| DIRECTIONS |
In your reply, repeat every entry exactly and skip over each picture.

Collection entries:
- - -
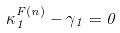Convert formula to latex. <formula><loc_0><loc_0><loc_500><loc_500>\kappa _ { 1 } ^ { F ( n ) } - \gamma _ { 1 } = 0</formula> 
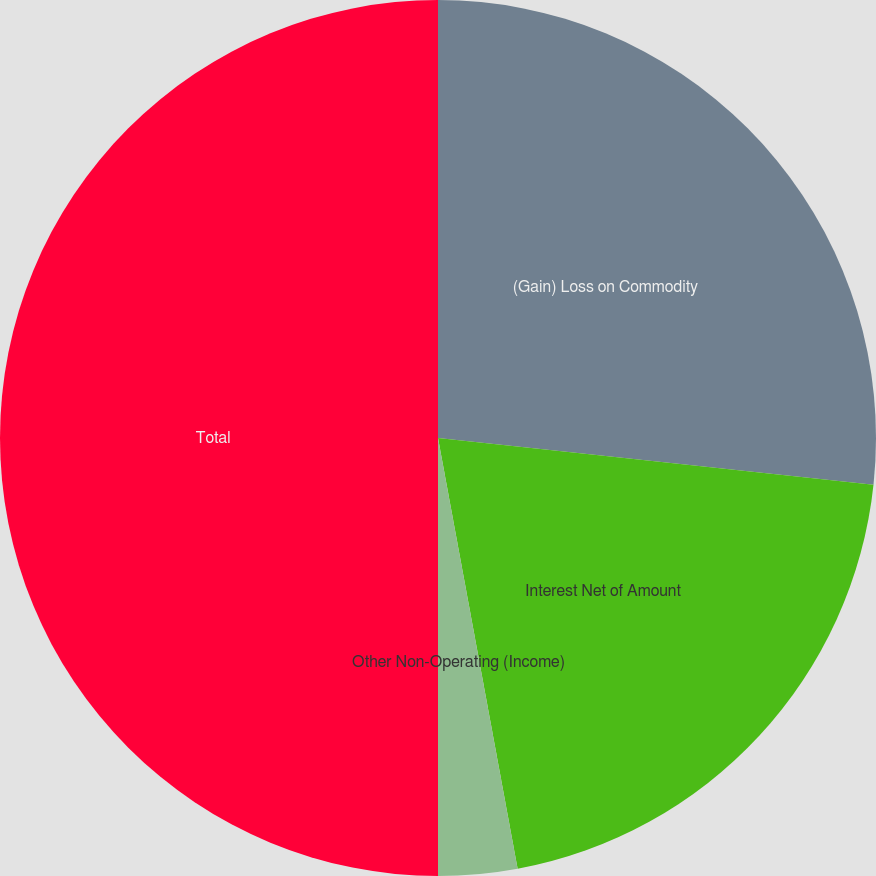Convert chart. <chart><loc_0><loc_0><loc_500><loc_500><pie_chart><fcel>(Gain) Loss on Commodity<fcel>Interest Net of Amount<fcel>Other Non-Operating (Income)<fcel>Total<nl><fcel>26.7%<fcel>20.39%<fcel>2.91%<fcel>50.0%<nl></chart> 
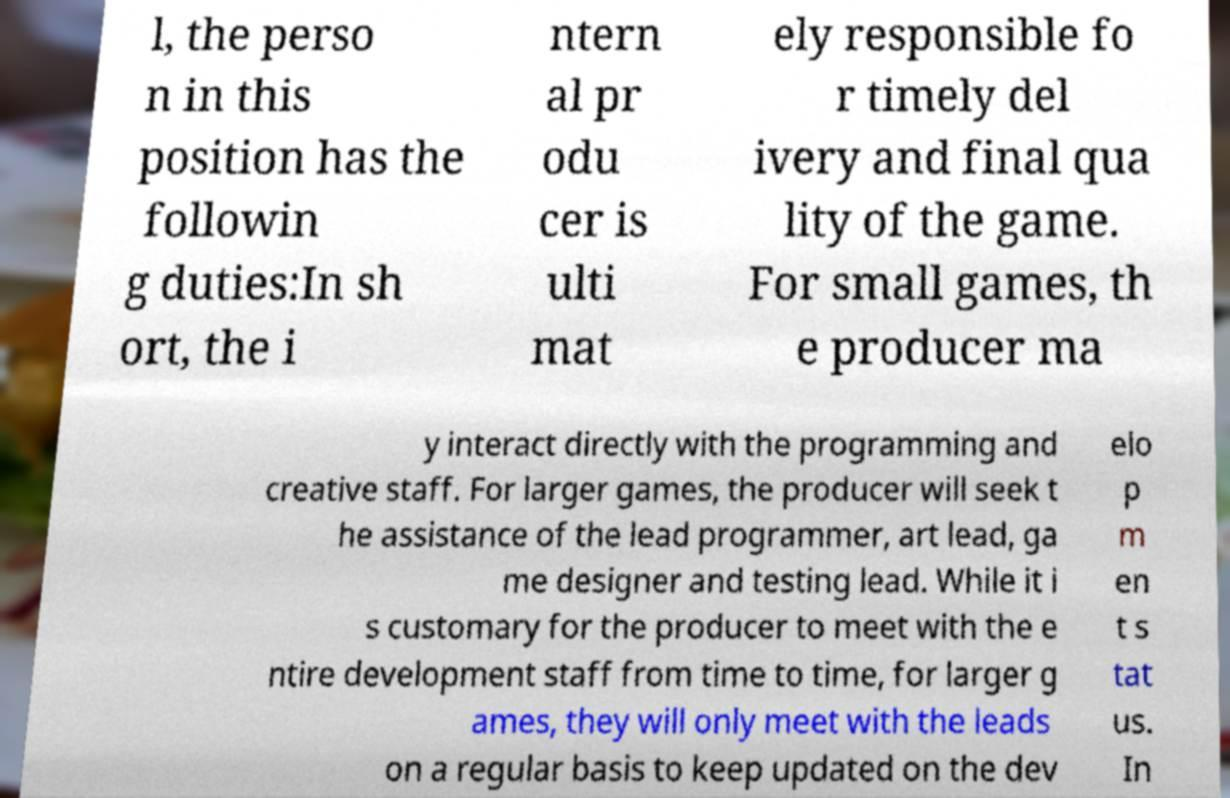Please read and relay the text visible in this image. What does it say? l, the perso n in this position has the followin g duties:In sh ort, the i ntern al pr odu cer is ulti mat ely responsible fo r timely del ivery and final qua lity of the game. For small games, th e producer ma y interact directly with the programming and creative staff. For larger games, the producer will seek t he assistance of the lead programmer, art lead, ga me designer and testing lead. While it i s customary for the producer to meet with the e ntire development staff from time to time, for larger g ames, they will only meet with the leads on a regular basis to keep updated on the dev elo p m en t s tat us. In 
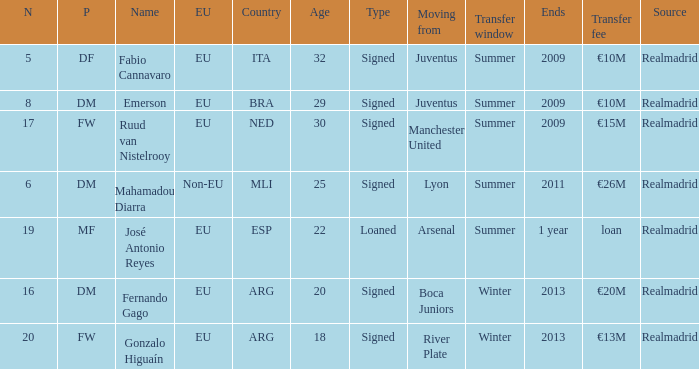What kind of player had a transfer fee of €20m? Signed. Would you be able to parse every entry in this table? {'header': ['N', 'P', 'Name', 'EU', 'Country', 'Age', 'Type', 'Moving from', 'Transfer window', 'Ends', 'Transfer fee', 'Source'], 'rows': [['5', 'DF', 'Fabio Cannavaro', 'EU', 'ITA', '32', 'Signed', 'Juventus', 'Summer', '2009', '€10M', 'Realmadrid'], ['8', 'DM', 'Emerson', 'EU', 'BRA', '29', 'Signed', 'Juventus', 'Summer', '2009', '€10M', 'Realmadrid'], ['17', 'FW', 'Ruud van Nistelrooy', 'EU', 'NED', '30', 'Signed', 'Manchester United', 'Summer', '2009', '€15M', 'Realmadrid'], ['6', 'DM', 'Mahamadou Diarra', 'Non-EU', 'MLI', '25', 'Signed', 'Lyon', 'Summer', '2011', '€26M', 'Realmadrid'], ['19', 'MF', 'José Antonio Reyes', 'EU', 'ESP', '22', 'Loaned', 'Arsenal', 'Summer', '1 year', 'loan', 'Realmadrid'], ['16', 'DM', 'Fernando Gago', 'EU', 'ARG', '20', 'Signed', 'Boca Juniors', 'Winter', '2013', '€20M', 'Realmadrid'], ['20', 'FW', 'Gonzalo Higuaín', 'EU', 'ARG', '18', 'Signed', 'River Plate', 'Winter', '2013', '€13M', 'Realmadrid']]} 
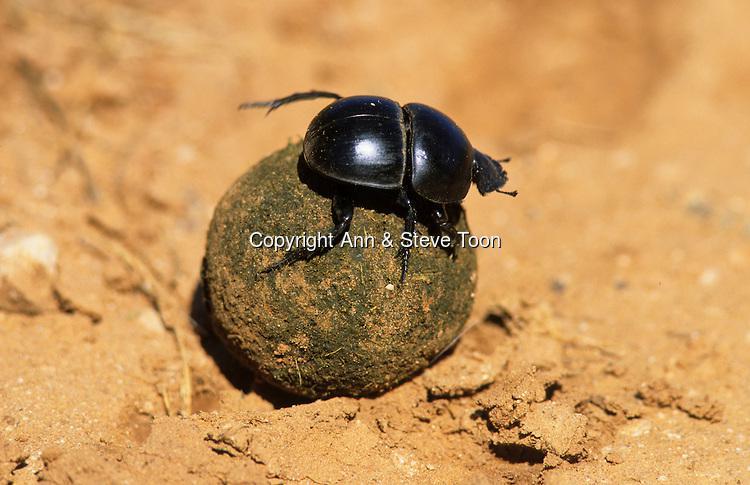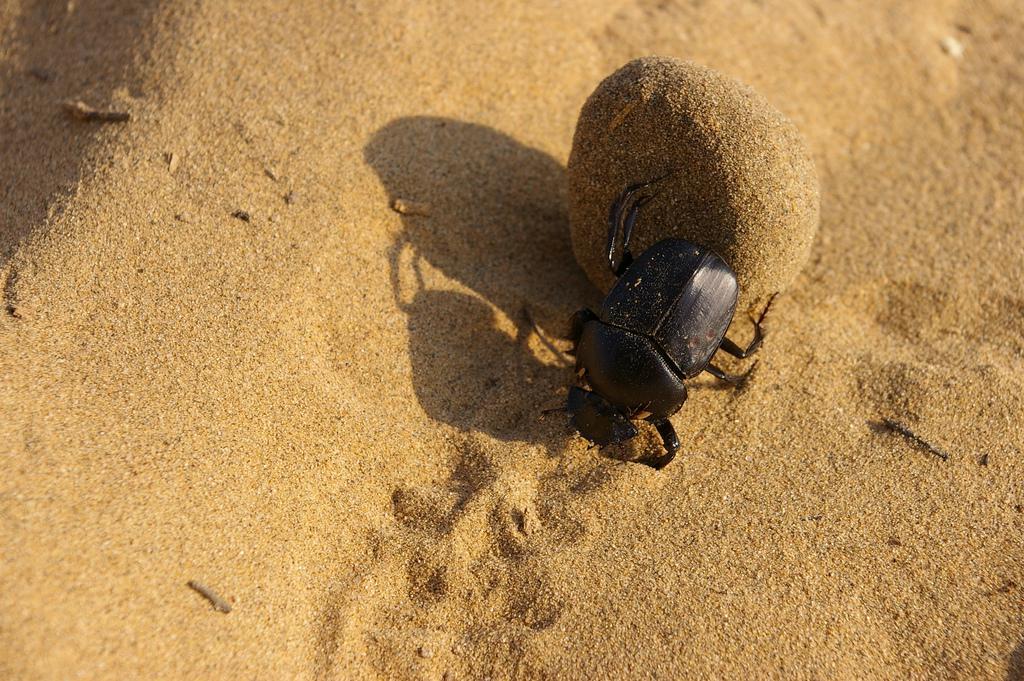The first image is the image on the left, the second image is the image on the right. Assess this claim about the two images: "There are two bugs in one of the images.". Correct or not? Answer yes or no. No. 
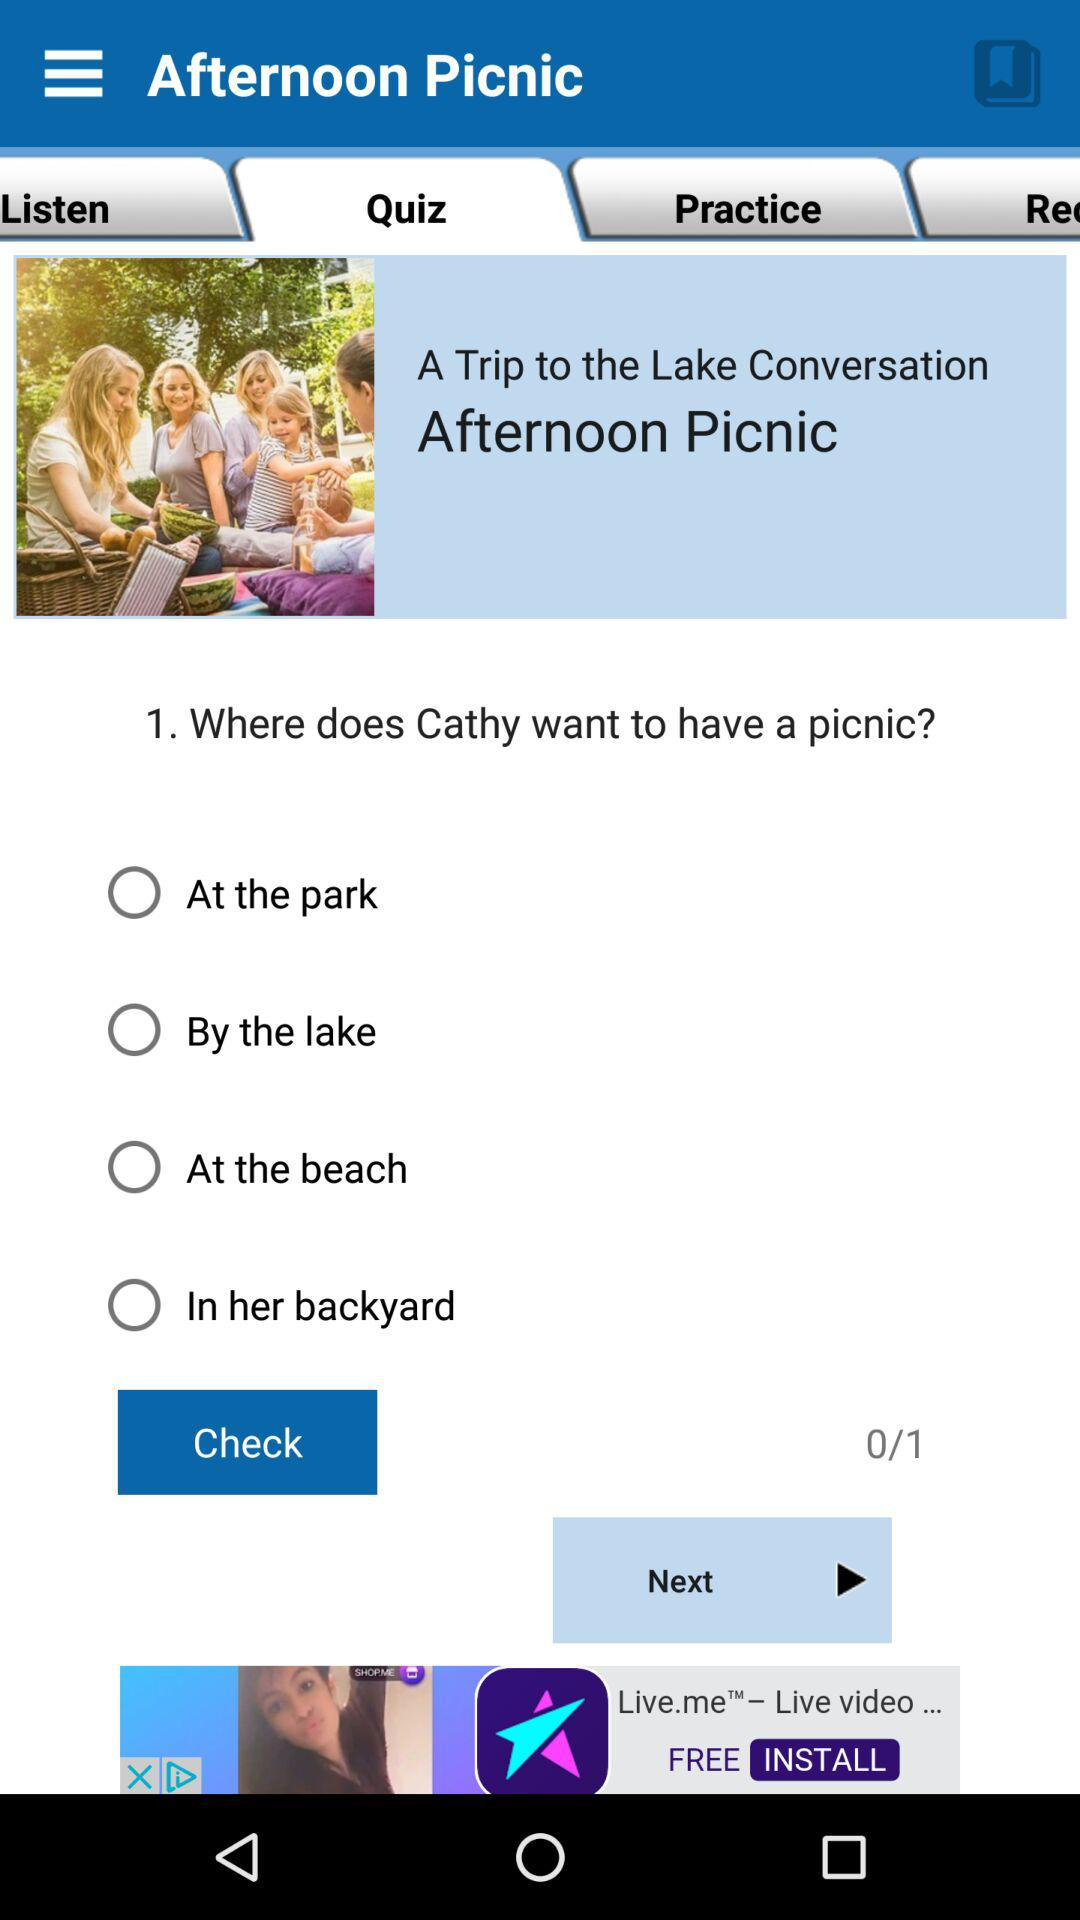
- - -
| TASK SOLUTION |
Convert formula to latex. <formula><loc_0><loc_0><loc_500><loc_500>\kappa _ { 1 } ^ { F ( n ) } - \gamma _ { 1 } = 0</formula> 
Convert chart. <chart><loc_0><loc_0><loc_500><loc_500><pie_chart><fcel>(Gain) Loss on Commodity<fcel>Interest Net of Amount<fcel>Other Non-Operating (Income)<fcel>Total<nl><fcel>26.7%<fcel>20.39%<fcel>2.91%<fcel>50.0%<nl></chart> 
Please read and relay the text visible in this image. What does it say? l, the perso n in this position has the followin g duties:In sh ort, the i ntern al pr odu cer is ulti mat ely responsible fo r timely del ivery and final qua lity of the game. For small games, th e producer ma y interact directly with the programming and creative staff. For larger games, the producer will seek t he assistance of the lead programmer, art lead, ga me designer and testing lead. While it i s customary for the producer to meet with the e ntire development staff from time to time, for larger g ames, they will only meet with the leads on a regular basis to keep updated on the dev elo p m en t s tat us. In 
What kind of player had a transfer fee of €20m? Signed. Would you be able to parse every entry in this table? {'header': ['N', 'P', 'Name', 'EU', 'Country', 'Age', 'Type', 'Moving from', 'Transfer window', 'Ends', 'Transfer fee', 'Source'], 'rows': [['5', 'DF', 'Fabio Cannavaro', 'EU', 'ITA', '32', 'Signed', 'Juventus', 'Summer', '2009', '€10M', 'Realmadrid'], ['8', 'DM', 'Emerson', 'EU', 'BRA', '29', 'Signed', 'Juventus', 'Summer', '2009', '€10M', 'Realmadrid'], ['17', 'FW', 'Ruud van Nistelrooy', 'EU', 'NED', '30', 'Signed', 'Manchester United', 'Summer', '2009', '€15M', 'Realmadrid'], ['6', 'DM', 'Mahamadou Diarra', 'Non-EU', 'MLI', '25', 'Signed', 'Lyon', 'Summer', '2011', '€26M', 'Realmadrid'], ['19', 'MF', 'José Antonio Reyes', 'EU', 'ESP', '22', 'Loaned', 'Arsenal', 'Summer', '1 year', 'loan', 'Realmadrid'], ['16', 'DM', 'Fernando Gago', 'EU', 'ARG', '20', 'Signed', 'Boca Juniors', 'Winter', '2013', '€20M', 'Realmadrid'], ['20', 'FW', 'Gonzalo Higuaín', 'EU', 'ARG', '18', 'Signed', 'River Plate', 'Winter', '2013', '€13M', 'Realmadrid']]} 
The first image is the image on the left, the second image is the image on the right. Assess this claim about the two images: "There are two bugs in one of the images.". Correct or not? Answer yes or no. No. 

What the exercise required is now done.